Construction spending plunged by the largest amount in nearly five years, reflecting spreading weakness in the housing industry.
/ Source: The Associated Press

Construction spending plunged by the largest amount in nearly five years, reflecting spreading weakness in the housing industry.

The Commerce Department reported Friday that construction activity dropped to a seasonally adjusted annual rate of $1.20 trillion in July, down 1.2 percent from the June level. It was the biggest one-month decline since a 1.3 percent fall in August 2001, when the country was mired in the last recession.

The decline was far worse than the unchanged level of activity that Wall Street forecasters had been expecting.
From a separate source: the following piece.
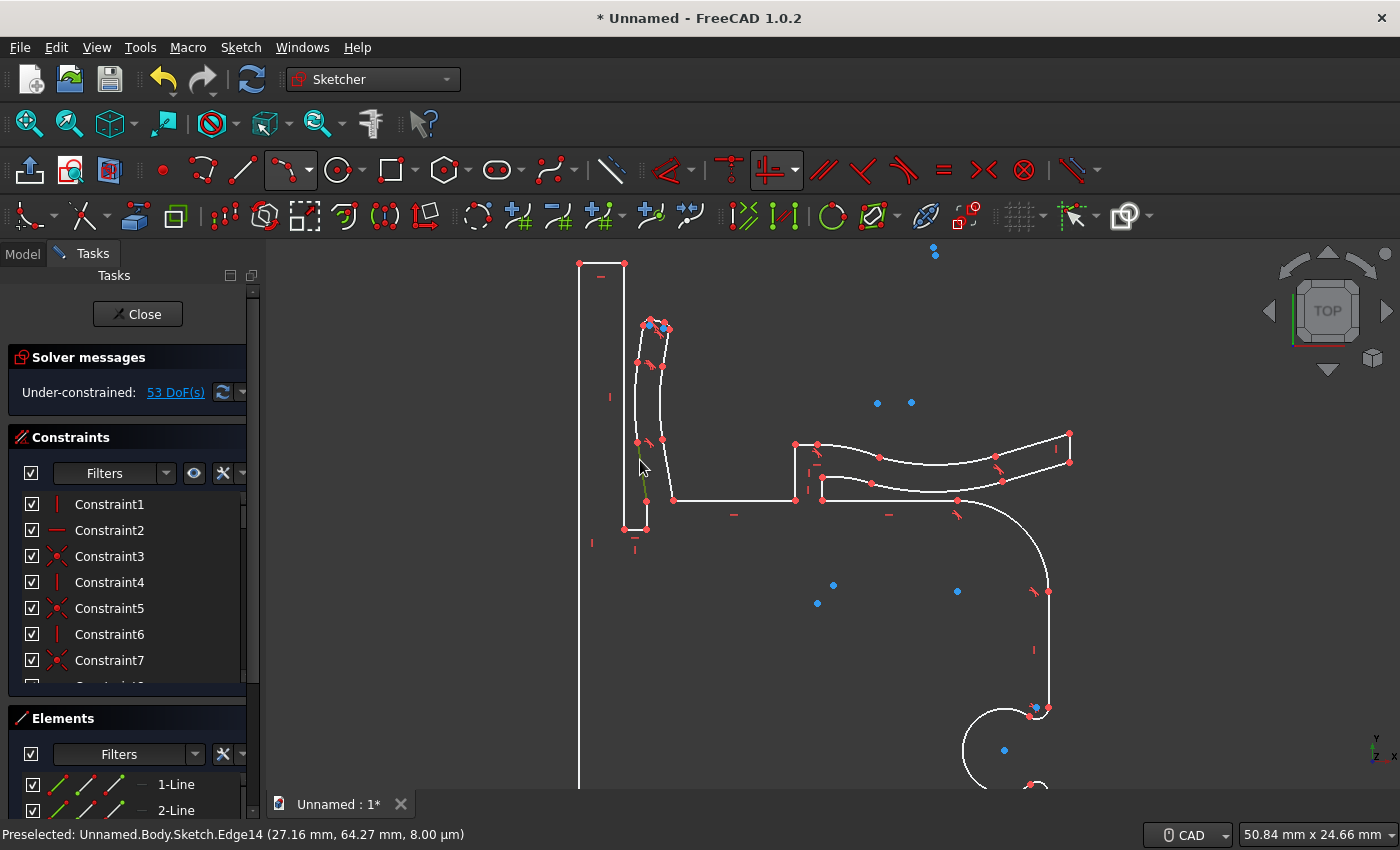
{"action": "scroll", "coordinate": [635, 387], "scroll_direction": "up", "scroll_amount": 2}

It served to underscore that the Federal Reserve’s two-year campaign to raise interest rates to slow the economy was having a significant impact on construction, one of the most interest-rate sensitive sectors of the economy.

The July decline, which followed a 0.4 percent increase in June, was led by a 2 percent fall in private residential construction.

It was the fourth consecutive decline in residential construction and the biggest drop since January 2002, providing dramatic evidence that the nation’s five-year housing boom has come to an end. The declines pushed private residential construction down to a seasonally adjusted annual rate of $627.4 billion.

Builder confidence has plunged this year as they have struggled with weakening demand in the face of rising mortgage rates. A record backlog of unsold homes has forced many builders to offer an array of incentives to reduce supplies.

Outside of housing, there continued to be areas of strength in construction as nonresidential private building activity edged up 0.3 percent to a record annual rate of $303.5 billion. Gains in July came in construction of office buildings, power plants and transportation facilities.

Public construction fell by 0.7 percent in July reflected a 1 percent decline in state and local building projects which was only partially offset by a 2.6 percent rise in federal construction activity.